■ **RECORDS TO PROCESS**:
[Start of Attachment]

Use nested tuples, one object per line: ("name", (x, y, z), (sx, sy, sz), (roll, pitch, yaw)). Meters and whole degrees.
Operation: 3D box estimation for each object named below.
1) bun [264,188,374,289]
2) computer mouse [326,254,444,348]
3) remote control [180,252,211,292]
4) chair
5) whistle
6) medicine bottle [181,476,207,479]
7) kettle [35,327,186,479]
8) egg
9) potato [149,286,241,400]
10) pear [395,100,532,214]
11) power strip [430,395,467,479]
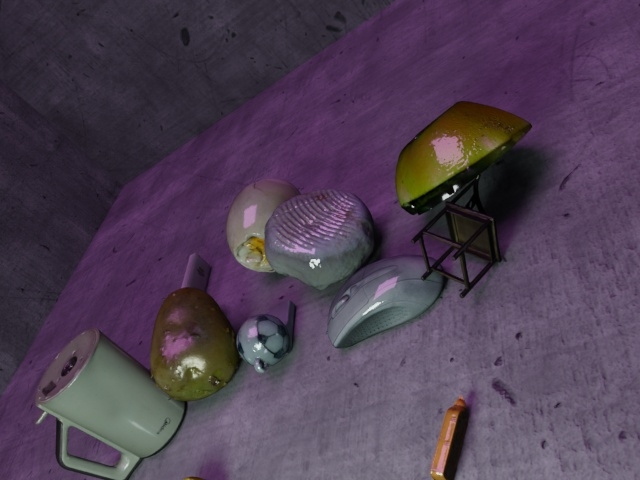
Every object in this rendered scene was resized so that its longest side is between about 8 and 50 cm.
("bun", (0.005, -0.003, 1.780), (0.354, 0.194, 0.355), (-6, 41, 5))
("computer mouse", (0.139, 0.143, 1.537), (0.371, 0.122, 0.188), (-34, 30, 24))
("remote control", (-0.479, 0.157, 2.296), (0.034, 0.103, 0.250), (-28, 34, 21))
("chair", (0.351, -0.014, 1.406), (0.260, 0.155, 0.141), (-42, 44, -23))
("whistle", (-0.160, 0.261, 1.713), (0.163, 0.163, 0.290), (-30, 33, 23))
("medicine bottle", (-0.319, 0.685, 1.414), (0.124, 0.124, 0.239), (-22, 35, 34))
("kettle", (-0.635, 0.509, 1.763), (0.250, 0.377, 0.361), (0, 51, 51))
("egg", (-0.173, -0.070, 2.017), (0.278, 0.278, 0.336), (-24, 41, 32))
("potato", (-0.380, 0.301, 1.819), (0.269, 0.219, 0.359), (-7, 51, -4))
("pear", (0.335, -0.238, 1.565), (0.398, 0.165, 0.399), (-38, 1, 1))
("power strip", (0.253, 0.383, 1.153), (0.028, 0.049, 0.178), (-7, 46, 40))
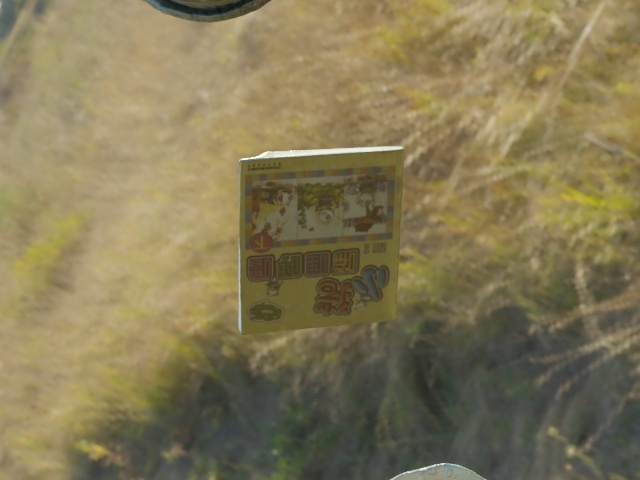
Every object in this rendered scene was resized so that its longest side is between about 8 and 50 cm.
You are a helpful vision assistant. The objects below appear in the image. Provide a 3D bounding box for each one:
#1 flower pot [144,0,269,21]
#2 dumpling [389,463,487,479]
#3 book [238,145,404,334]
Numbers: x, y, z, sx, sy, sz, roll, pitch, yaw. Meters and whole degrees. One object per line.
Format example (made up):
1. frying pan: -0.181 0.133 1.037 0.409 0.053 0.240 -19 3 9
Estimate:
1. flower pot: -0.167 -0.416 1.757 0.299 0.299 0.283 -62 6 7
2. dumpling: 0.119 0.295 1.440 0.111 0.181 0.155 44 128 41
3. book: 0.000 0.000 1.369 0.013 0.168 0.192 -120 28 -63
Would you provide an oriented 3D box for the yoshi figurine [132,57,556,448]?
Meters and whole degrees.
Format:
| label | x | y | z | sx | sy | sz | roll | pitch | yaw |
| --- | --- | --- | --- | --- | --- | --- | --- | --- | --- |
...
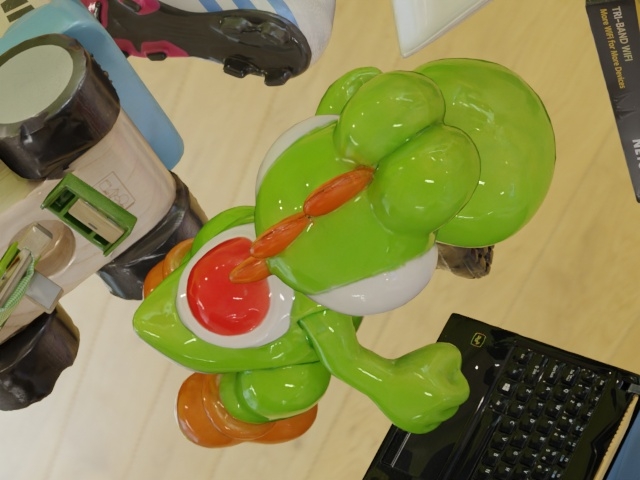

[End of Attachment]

■ **HOW TO COMPLETE THIS TASK**: What you return must match the records exactly, apart from the images, which are omitted.

■ **REPLY TO THE TASK**:
Use nested tuples, one object per line: ("name", (x, y, z), (sx, sy, sz), (roll, pitch, yaw)). Meters and whole degrees.
Operation: 3D box estimation for each object named below.
1) bun [264,188,374,289]
2) computer mouse [326,254,444,348]
3) remote control [180,252,211,292]
4) chair
5) whistle
6) medicine bottle [181,476,207,479]
7) kettle [35,327,186,479]
8) egg
9) potato [149,286,241,400]
10) pear [395,100,532,214]
11) power strip [430,395,467,479]
Every object in this rendered scene was resized so that its longest side is between about 8 and 50 cm.
("bun", (0.005, -0.003, 1.780), (0.354, 0.194, 0.355), (-6, 41, 5))
("computer mouse", (0.139, 0.143, 1.537), (0.371, 0.122, 0.188), (-34, 30, 24))
("remote control", (-0.479, 0.157, 2.296), (0.034, 0.103, 0.250), (-28, 34, 21))
("chair", (0.351, -0.014, 1.406), (0.260, 0.155, 0.141), (-42, 44, -23))
("whistle", (-0.160, 0.261, 1.713), (0.163, 0.163, 0.290), (-30, 33, 23))
("medicine bottle", (-0.319, 0.685, 1.414), (0.124, 0.124, 0.239), (-22, 35, 34))
("kettle", (-0.635, 0.509, 1.763), (0.250, 0.377, 0.361), (0, 51, 51))
("egg", (-0.173, -0.070, 2.017), (0.278, 0.278, 0.336), (-24, 41, 32))
("potato", (-0.380, 0.301, 1.819), (0.269, 0.219, 0.359), (-7, 51, -4))
("pear", (0.335, -0.238, 1.565), (0.398, 0.165, 0.399), (-38, 1, 1))
("power strip", (0.253, 0.383, 1.153), (0.028, 0.049, 0.178), (-7, 46, 40))
Every object in this rendered scene was resized so that its longest side is between about 8 and 50 cm.
You are a helpful vision assistant. The objects below appear in the image. Provide a 3D bounding box for each one:
#1 flower pot [144,0,269,21]
#2 dumpling [389,463,487,479]
#3 book [238,145,404,334]
Numbers: x, y, z, sx, sy, sz, roll, pitch, yaw. Meters and whole degrees. One object per line.
Format example (made up):
1. frying pan: -0.181 0.133 1.037 0.409 0.053 0.240 -19 3 9
Estimate:
1. flower pot: -0.167 -0.416 1.757 0.299 0.299 0.283 -62 6 7
2. dumpling: 0.119 0.295 1.440 0.111 0.181 0.155 44 128 41
3. book: 0.000 0.000 1.369 0.013 0.168 0.192 -120 28 -63
Would you provide an oriented 3D box for the yoshi figurine [132,57,556,448]?
Meters and whole degrees.
Format:
| label | x | y | z | sx | sy | sz | roll | pitch | yaw |
| --- | --- | --- | --- | --- | --- | --- | --- | --- | --- |
...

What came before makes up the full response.